The analysis is not limited to internal or self-generated master data; this is a common mistake. Rather, we should ask ourselves: what external data is relevant in our industry, what sources are recognized, and how can we include this data? This is important for several reasons: for internal evaluations and comparisons, business intelligence and trend evaluation and also for external presentation. Companies that rely on competence leadership, positioning in industry associations and within communities, can effectively support experts from their own ranks by quickly accessing up-to-date key figures.
The modeling of the data should only take place at a later stage when all components and correlations are recorded. Finally, the individual systems must be connected by interfaces so that automatic data matching is possible.
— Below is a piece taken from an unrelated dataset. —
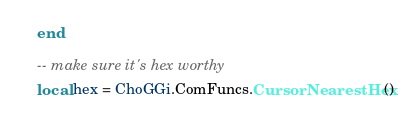<code> <loc_0><loc_0><loc_500><loc_500><_Lua_>	end

	-- make sure it's hex worthy
	local hex = ChoGGi.ComFuncs.CursorNearestHex()</code>

Open-source platforms combine the latest technology with independence and flexibility
No matter how challenging the conceptual preparation of open source is, its technical implementation is easier. A practical and sustainable solution is open source platforms, which offer advantages compared to proprietary systems, such as:
The enterprise is not bound for years to a specific manufacturer; its pricing and product policy acquires the full ownership of the software. Product updates from the supplier are recommended but don't necessarily have to be installed. In any case, the software is constantly being developed by numerous users, faster than what would just one supplier be able to accomplish. Users can therefore always be up-to-date with technology and innovation.
The platform can be flexibly adapted to changing conditions. In larger companies, this can be done by their own IT departments. Companies with fewer resources of their own can commission free software developers without being tied to certified partners – with their usual high hourly rates. Because the platform is based on common frameworks, learning is quick. In addition, it is precisely young developers from the new generation who prefer to work with open source. This makes companies using such platforms more attractive as an employer of choice for this generation of developers.
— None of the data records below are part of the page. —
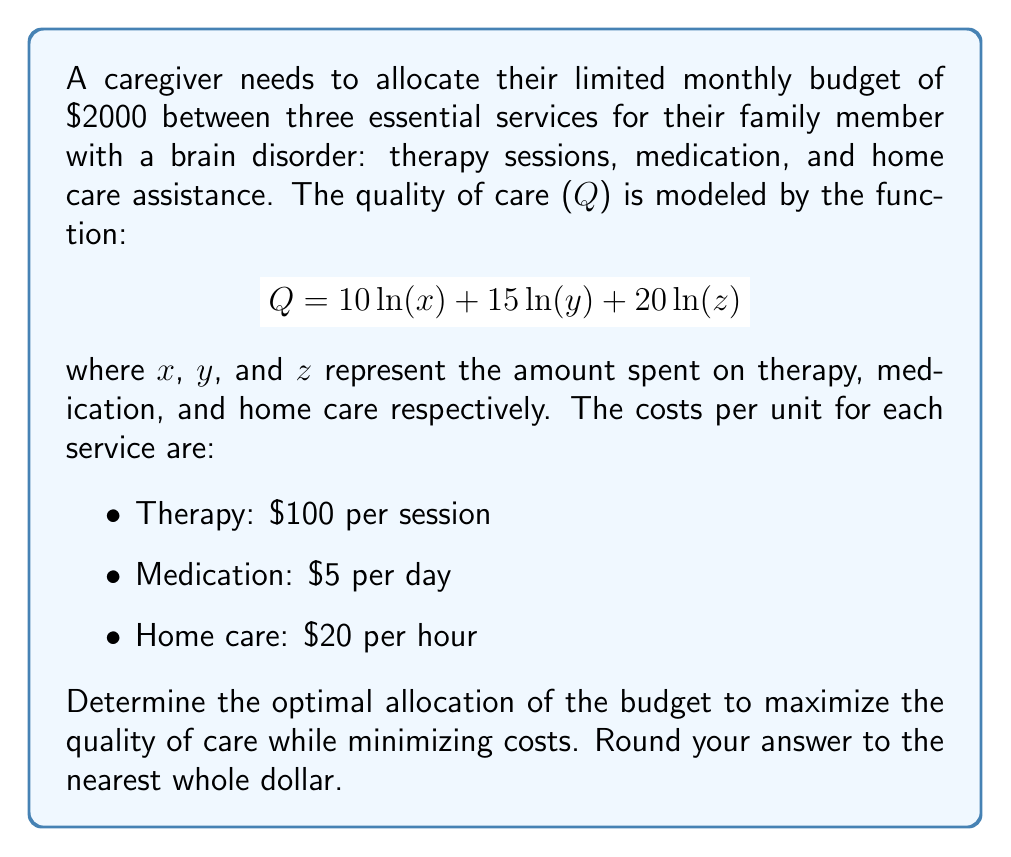Could you help me with this problem? To solve this optimization problem, we'll use the method of Lagrange multipliers.

Step 1: Set up the constraint equation.
$$x + 5y + 20z = 2000$$ (monthly budget constraint)

Step 2: Form the Lagrangian function.
$$L(x,y,z,\lambda) = 10\ln(x) + 15\ln(y) + 20\ln(z) - \lambda(x + 5y + 20z - 2000)$$

Step 3: Take partial derivatives and set them equal to zero.
$$\frac{\partial L}{\partial x} = \frac{10}{x} - \lambda = 0$$
$$\frac{\partial L}{\partial y} = \frac{15}{y} - 5\lambda = 0$$
$$\frac{\partial L}{\partial z} = \frac{20}{z} - 20\lambda = 0$$
$$\frac{\partial L}{\partial \lambda} = x + 5y + 20z - 2000 = 0$$

Step 4: Solve the system of equations.
From the first three equations:
$$x = \frac{10}{\lambda}, y = \frac{3}{\lambda}, z = \frac{1}{\lambda}$$

Substitute these into the constraint equation:
$$\frac{10}{\lambda} + 5\cdot\frac{3}{\lambda} + 20\cdot\frac{1}{\lambda} = 2000$$
$$\frac{45}{\lambda} = 2000$$
$$\lambda = \frac{45}{2000} = 0.0225$$

Step 5: Calculate the optimal values.
$$x = \frac{10}{0.0225} = 444.44$$
$$y = \frac{3}{0.0225} = 133.33$$
$$z = \frac{1}{0.0225} = 44.44$$

Step 6: Round to the nearest whole dollar.
x = $444, y = $133, z = $44

Step 7: Verify the budget constraint.
$444 + 5($133) + 20($44) = $2001 (slight rounding error)

Therefore, the optimal allocation is:
- Therapy: $444 (about 4 sessions per month)
- Medication: $133 (about 27 days worth)
- Home care: $44 (about 2 hours)
Answer: Therapy: $444, Medication: $133, Home care: $44

Lower costs and greater security
Software itself is usually free. If the provider is commissioned with a first-time adaptation, this will incur the usual costs for the implementation of a solution, but no recurring license costs – and therefore not the expense associated with the license audits. The total cost of ownership is therefore lower.
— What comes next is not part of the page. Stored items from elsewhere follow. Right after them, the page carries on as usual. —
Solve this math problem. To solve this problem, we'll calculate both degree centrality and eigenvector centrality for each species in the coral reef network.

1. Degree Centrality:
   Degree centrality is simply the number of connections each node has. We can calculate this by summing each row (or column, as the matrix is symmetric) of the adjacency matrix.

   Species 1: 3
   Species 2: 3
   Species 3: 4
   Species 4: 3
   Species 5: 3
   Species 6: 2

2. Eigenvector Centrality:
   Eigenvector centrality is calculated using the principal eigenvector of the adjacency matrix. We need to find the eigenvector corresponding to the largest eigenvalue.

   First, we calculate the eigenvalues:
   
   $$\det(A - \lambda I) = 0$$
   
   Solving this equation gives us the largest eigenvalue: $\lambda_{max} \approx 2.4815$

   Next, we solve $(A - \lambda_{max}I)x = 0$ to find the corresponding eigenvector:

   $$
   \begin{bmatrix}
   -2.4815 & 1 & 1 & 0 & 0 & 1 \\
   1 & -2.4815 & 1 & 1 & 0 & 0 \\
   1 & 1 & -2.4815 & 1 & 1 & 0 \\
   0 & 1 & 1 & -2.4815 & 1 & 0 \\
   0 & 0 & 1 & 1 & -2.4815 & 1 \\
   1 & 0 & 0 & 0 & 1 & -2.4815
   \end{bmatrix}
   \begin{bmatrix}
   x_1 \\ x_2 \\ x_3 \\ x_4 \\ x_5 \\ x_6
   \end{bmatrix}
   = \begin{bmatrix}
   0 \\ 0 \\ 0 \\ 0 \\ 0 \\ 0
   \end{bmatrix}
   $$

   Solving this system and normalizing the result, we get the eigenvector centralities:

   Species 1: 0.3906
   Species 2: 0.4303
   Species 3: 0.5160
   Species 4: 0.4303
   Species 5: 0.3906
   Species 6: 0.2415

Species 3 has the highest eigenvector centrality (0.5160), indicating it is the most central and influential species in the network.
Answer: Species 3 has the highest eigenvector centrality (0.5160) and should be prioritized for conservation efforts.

One of the most common questions is safety. Is a system with open source not vulnerable to hacker attacks? On the contrary, the fact that many users who are interested in their own security have to deal with it every day means that possible security vulnerabilities are discovered and resolved much more quickly. Finally, thanks to the open standards, any system can be integrated into the open source platform, no matter how little distributed or sector-specific. Inter-operability is therefore ensured.
Seeing data as values
So much for technology. For sustainable success, it's crucial that the newly introduced system will also be implemented. Employees must get used to the structured handling of master data and learn how to store and use data. Governance, provenance and cleanliness guidelines are a prerequisite, but should not be perceived as rigid instructions. What is important is a new understanding: exact product data, current and complete customer data, but also images and product videos – all of these are values. The ordering of data, and the fact that master data is now readily available on-demand across the enterprise, is the result of shared effort. It's a valuable commodity: it's less like a machine and closer to the inventions and patents that traditional companies are proud of.